Problem details — Nothing may be left out of the listing below but its images; repeat the rest exactly.

Material for this task —
+--

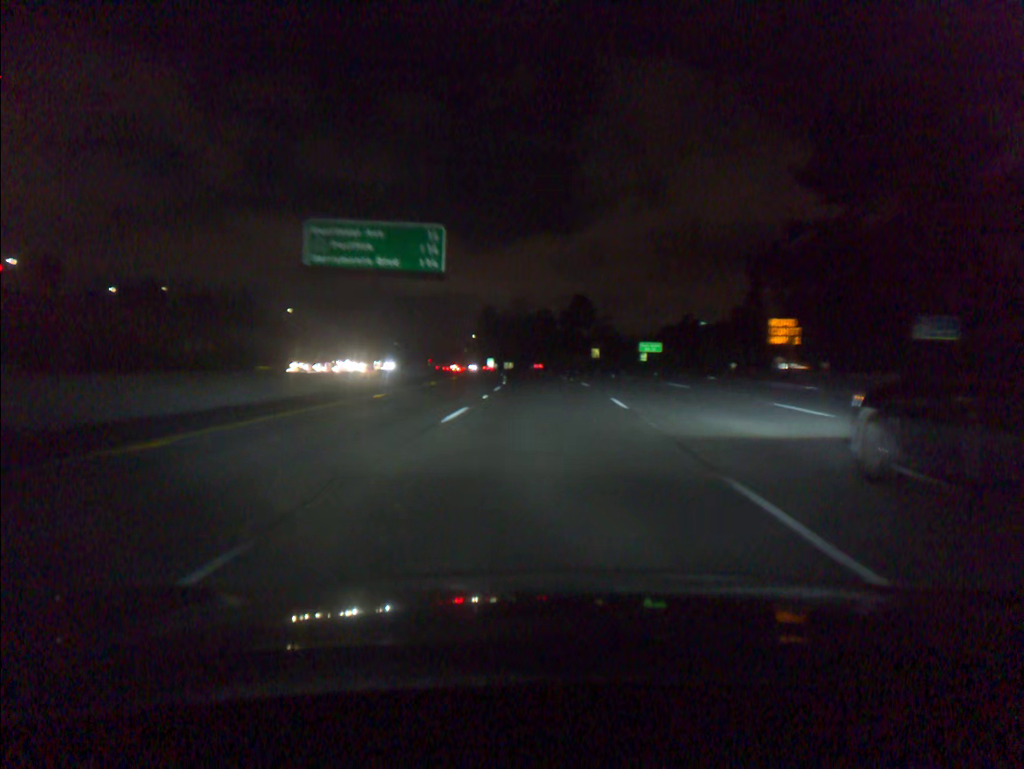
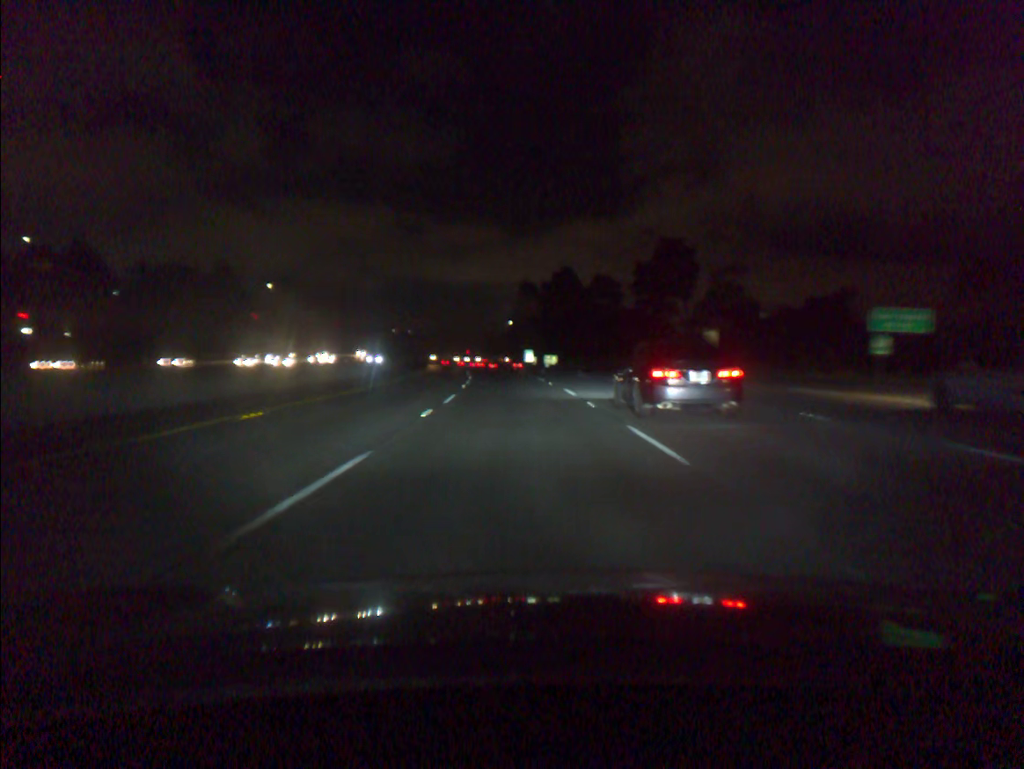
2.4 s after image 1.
(-1.2, +67.6) m; -3°
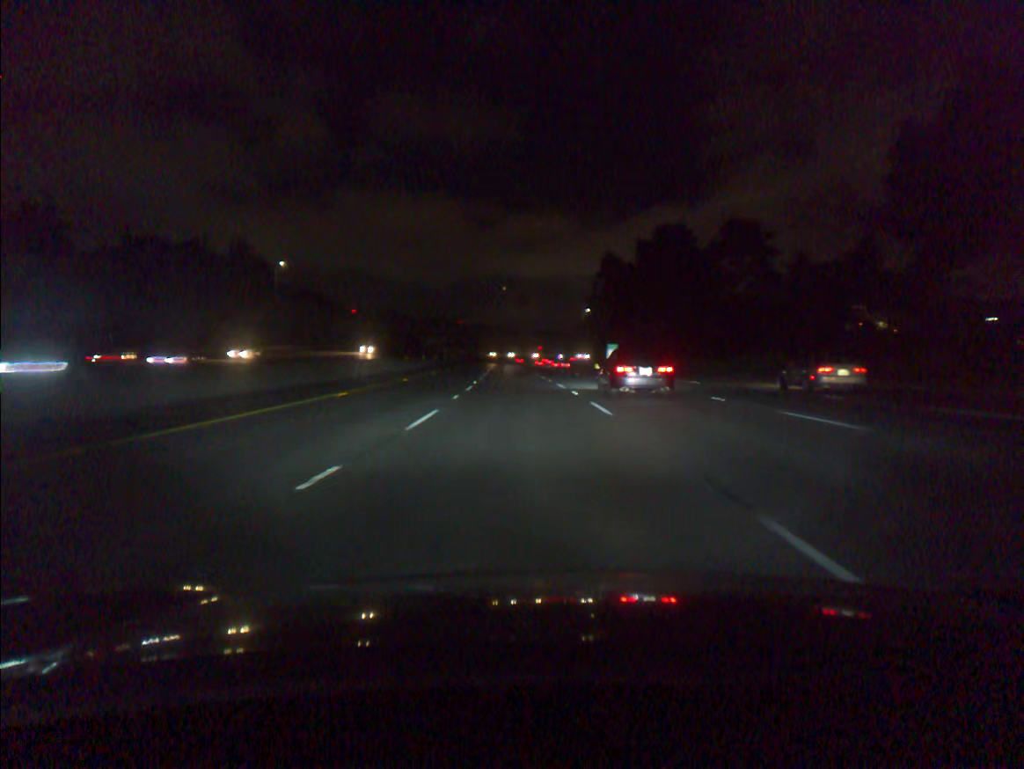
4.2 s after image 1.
(-2.4, +51.0) m; -6°
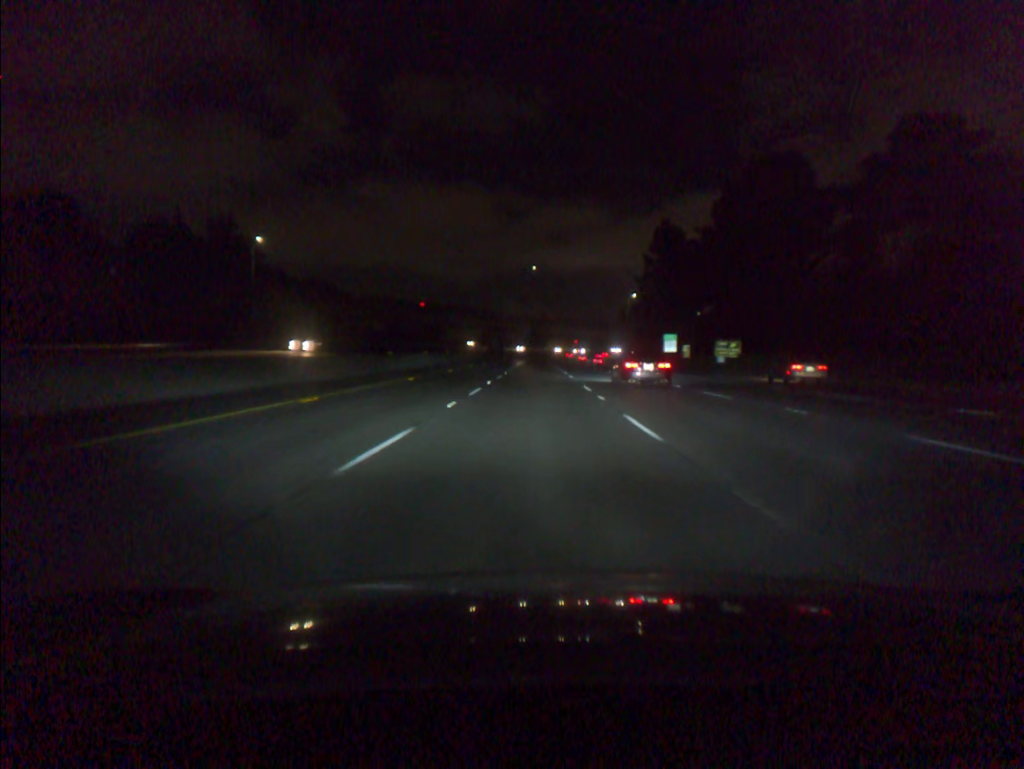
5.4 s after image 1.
(-0.8, +34.2) m; -2°

+--

Exercise solution —
2.4 s after image 1.
(-1.2, +67.6) m; -3°
4.2 s after image 1.
(-2.4, +51.0) m; -6°
5.4 s after image 1.
(-0.8, +34.2) m; -2°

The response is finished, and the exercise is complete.